How to Write a Pull Request Description with AI
Writing a good PR description takes longer than it should. You've already done the hard work — the code is done — but now you're staring at a blank text box trying to summarize context, motivation, and testing notes while your brain is already on the next task. AI handles this well. Here's a step-by-step walkthrough you can use today.
Why PR Descriptions Get Skipped (or Written Badly)
Bad PR descriptions slow down review cycles. Reviewers ask questions that are already answered in the diff, or they approve without really understanding the change. The fix isn't discipline — it's reducing the friction of writing a good description in the first place.
Step 1: Get Your Raw Diff
Start by pulling the diff between your branch and main:
git diff main...HEAD > pr_diff.txt
If the diff is large (500+ lines), focus on the meaningful parts — skip lockfile changes and generated files:
git diff main...HEAD -- '*.ts' '*.py' '*.go' > pr_diff.txt
Step 2: Paste the Diff into Your AI Tool with This Prompt
Open your AI tool of choice (ChatGPT, Claude, Gemini — all work here) and use this prompt:
You are a senior engineer writing a pull request description for a code review.
Here is the diff:
<paste diff here>
Write a pull request description with the following sections:
1. **What changed** — a 2–3 sentence plain-English summary of what this PR does.
2. **Why** — the motivation or problem being solved.
3. **How to test** — concrete steps a reviewer can follow to verify the change locally.
4. **Notes for reviewer** — anything non-obvious, edge cases to watch, or follow-up work deferred.
Be specific. Reference actual function names, files, or logic from the diff. Do not be vague.
Step 3: Review and Edit the Output
The AI output will be 80–90% usable. Your job is to:
- Fix any context it couldn't infer from the diff alone (e.g., why this ticket existed)

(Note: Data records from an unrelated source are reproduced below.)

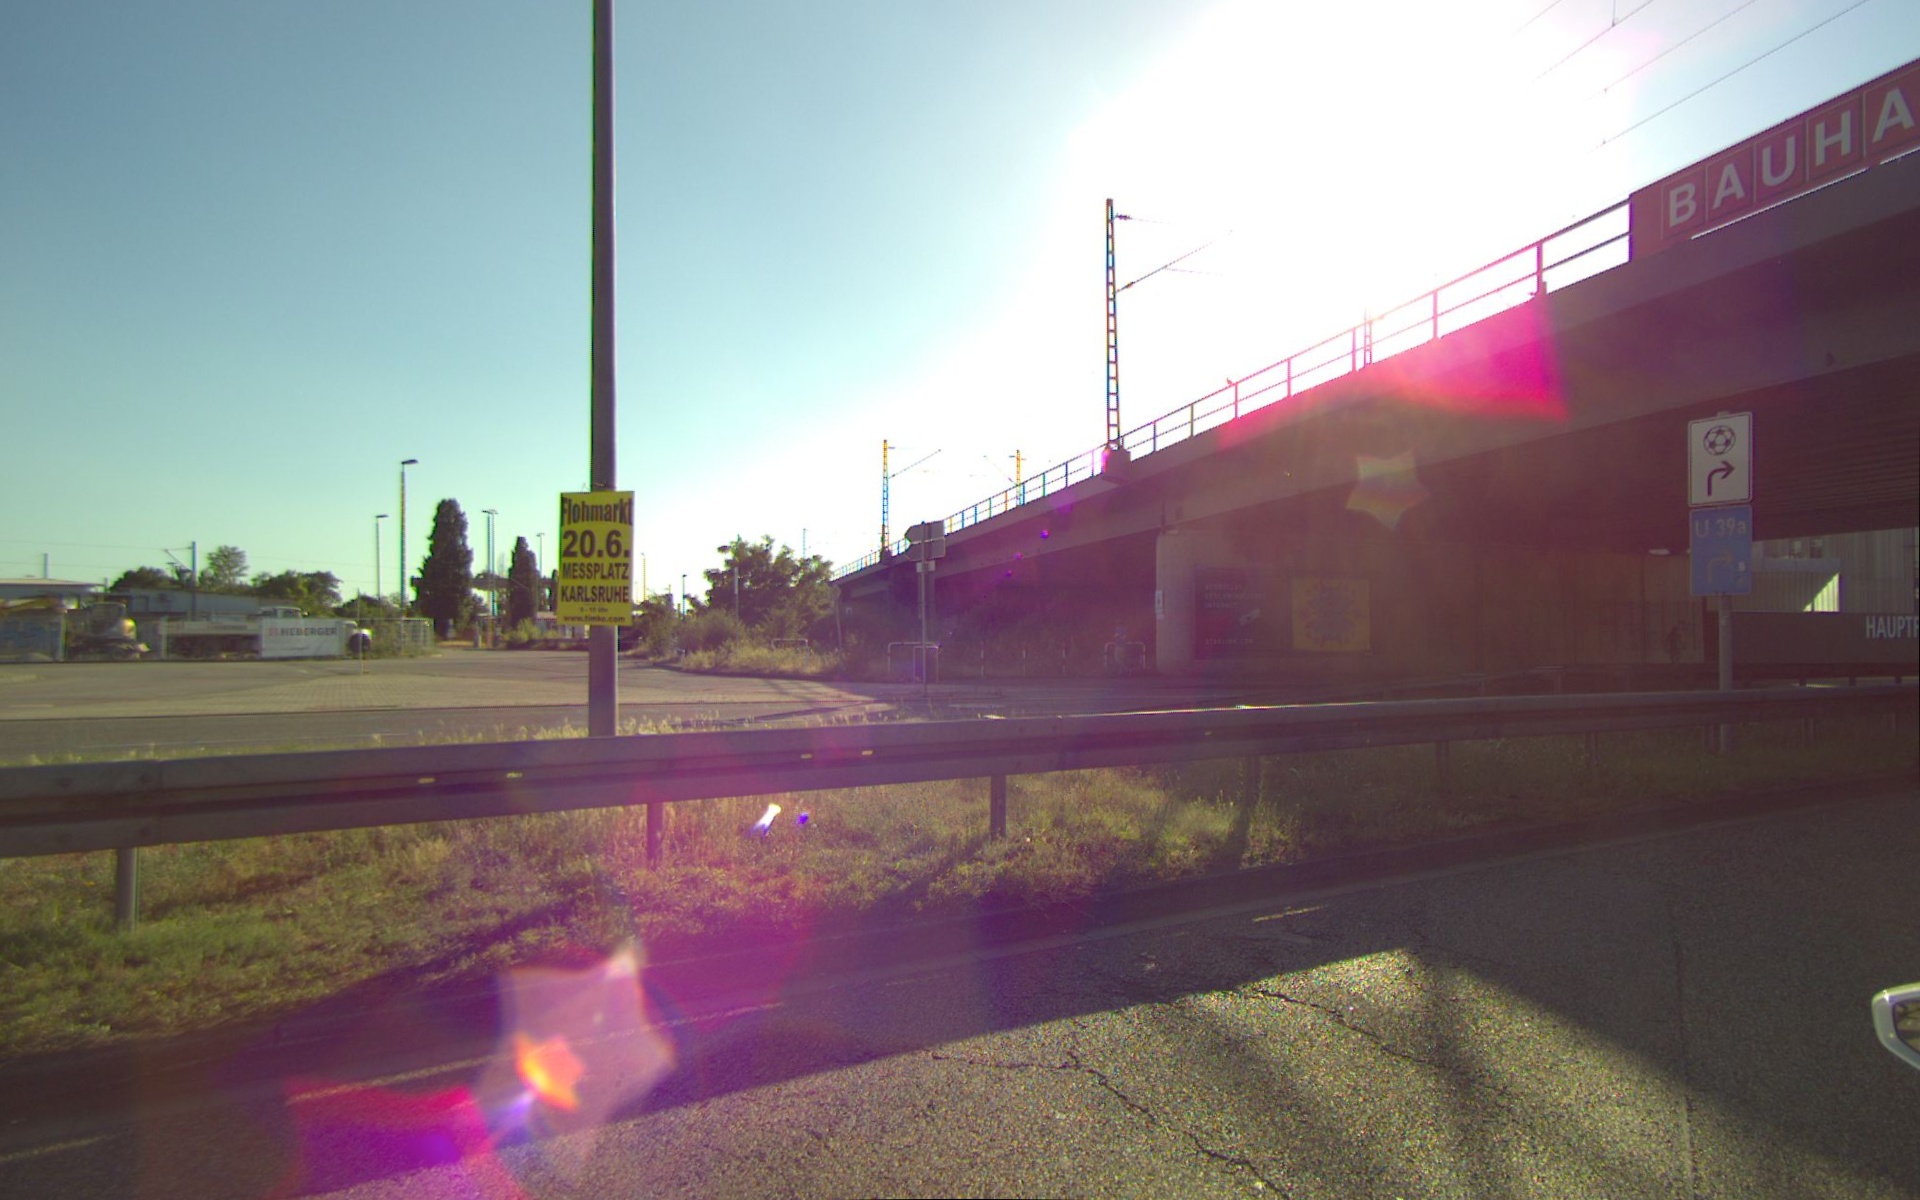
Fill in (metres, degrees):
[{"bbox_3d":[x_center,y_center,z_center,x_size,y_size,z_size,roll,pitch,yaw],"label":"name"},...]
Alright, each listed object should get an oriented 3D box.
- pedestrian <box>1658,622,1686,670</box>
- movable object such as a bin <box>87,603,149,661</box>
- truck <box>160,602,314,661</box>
[{"bbox_3d":[28.783,1.849,40.619,0.655,1.928,0.692,2,-2,-23],"label":"pedestrian"},{"bbox_3d":[-41.615,1.591,49.651,2.203,2.750,1.718,3,-2,-41],"label":"movable object such as a bin"},{"bbox_3d":[-41.406,1.843,57.769,2.394,3.186,6.772,0,-2,27],"label":"truck"}]
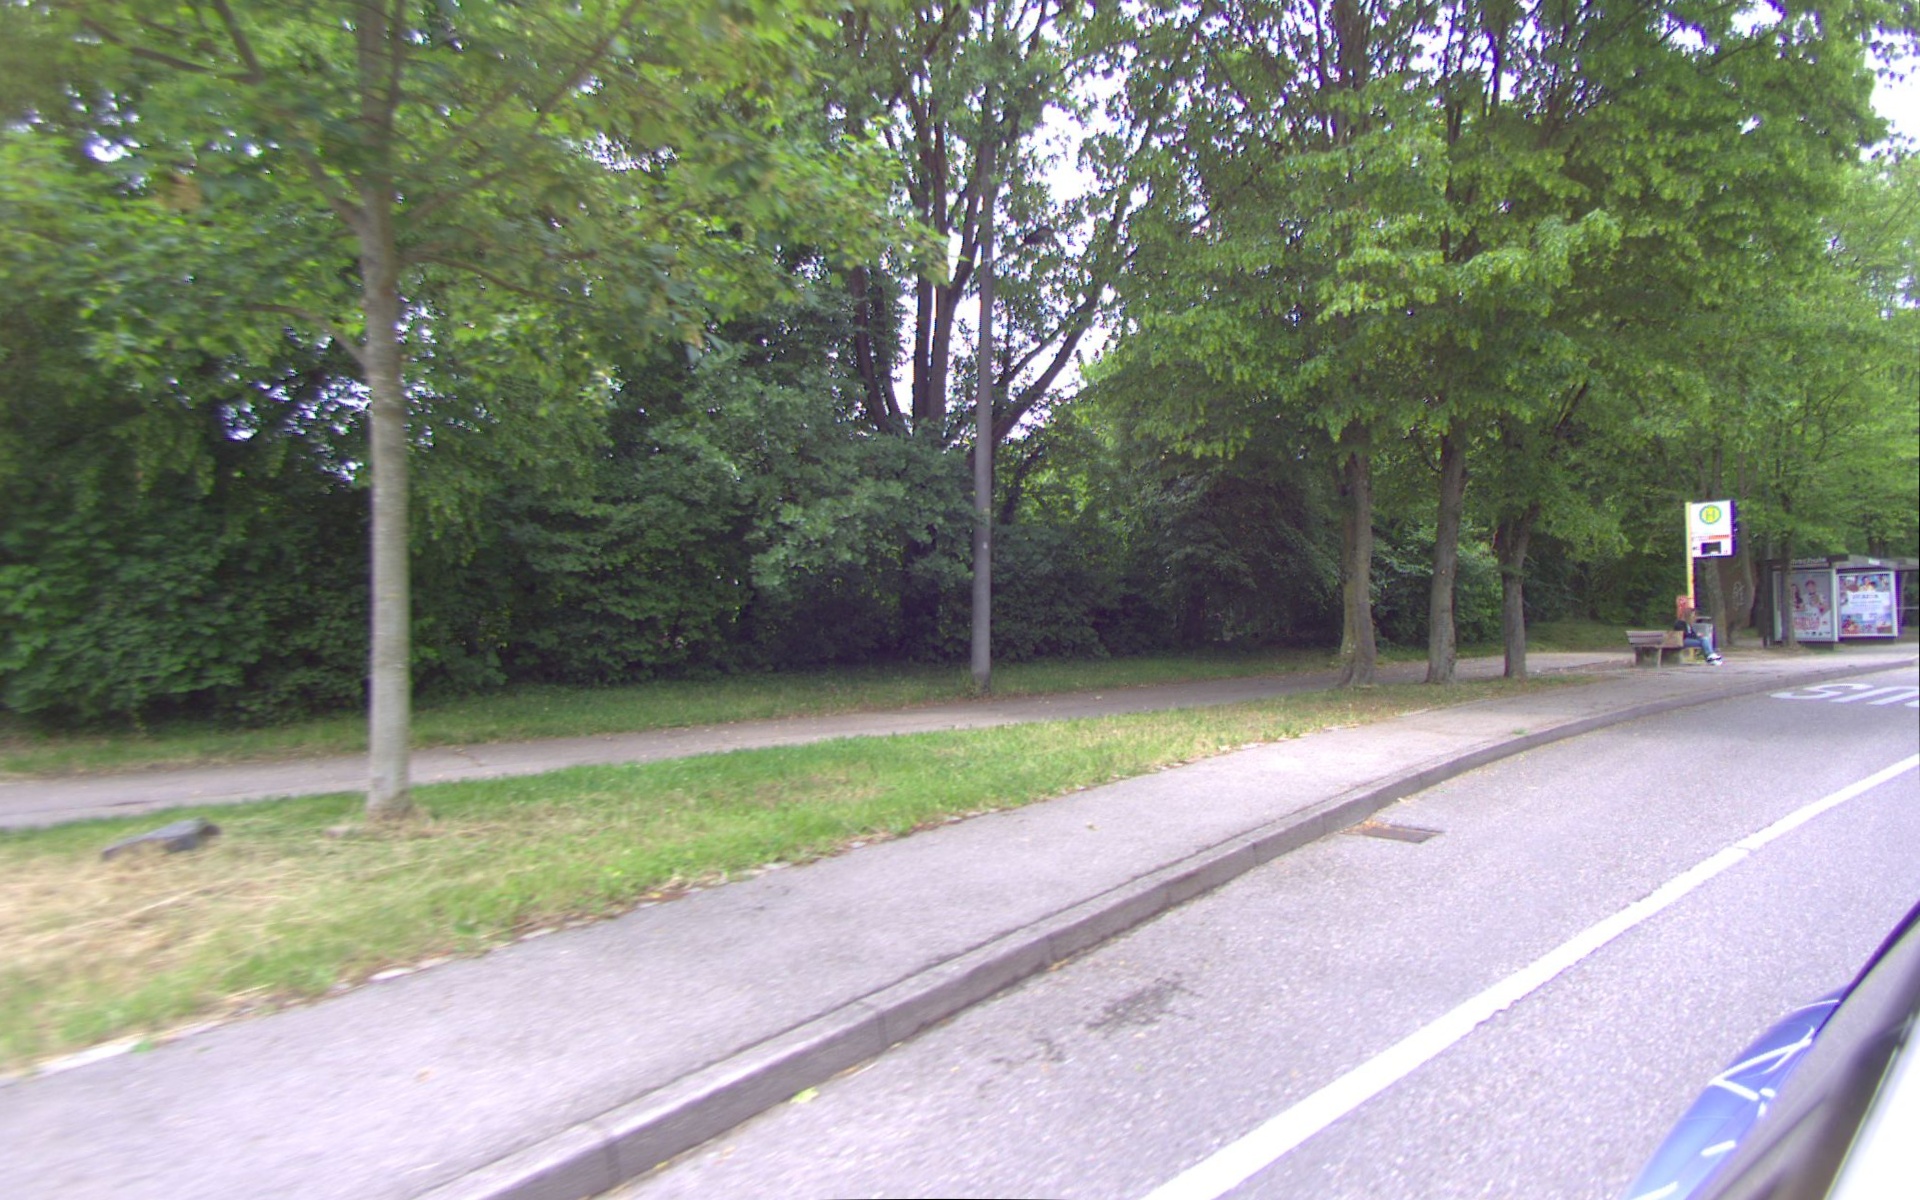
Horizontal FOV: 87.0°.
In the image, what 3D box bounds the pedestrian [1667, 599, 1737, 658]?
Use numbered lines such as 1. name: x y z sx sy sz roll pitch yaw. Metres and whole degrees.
1. pedestrian: 15.484 0.579 21.133 0.569 1.197 1.066 0 0 -38

- Add a link to the issue or ticket
- Trim anything that's redundant with the diff itself
This takes 2–3 minutes, not 15.
Step 4: Save a Template for Your Team
Once you've done this a few times, extract the structure into a .github/pull_request_template.md file in your repo:
## What changed
## Why
## How to test
- [ ] Step 1
- [ ] Step 2
## Notes for reviewer
Now the AI output maps directly to the template fields. Every PR on your team starts from the same skeleton, and the quality floor rises across the board.
The Full Prompt, Ready to Copy
You are a senior engineer writing a pull request description for a code review.
Here is the diff:
[PASTE DIFF]
Write a pull request description with the following sections:
1. **What changed** — a 2–3 sentence plain-English summary of what this PR does.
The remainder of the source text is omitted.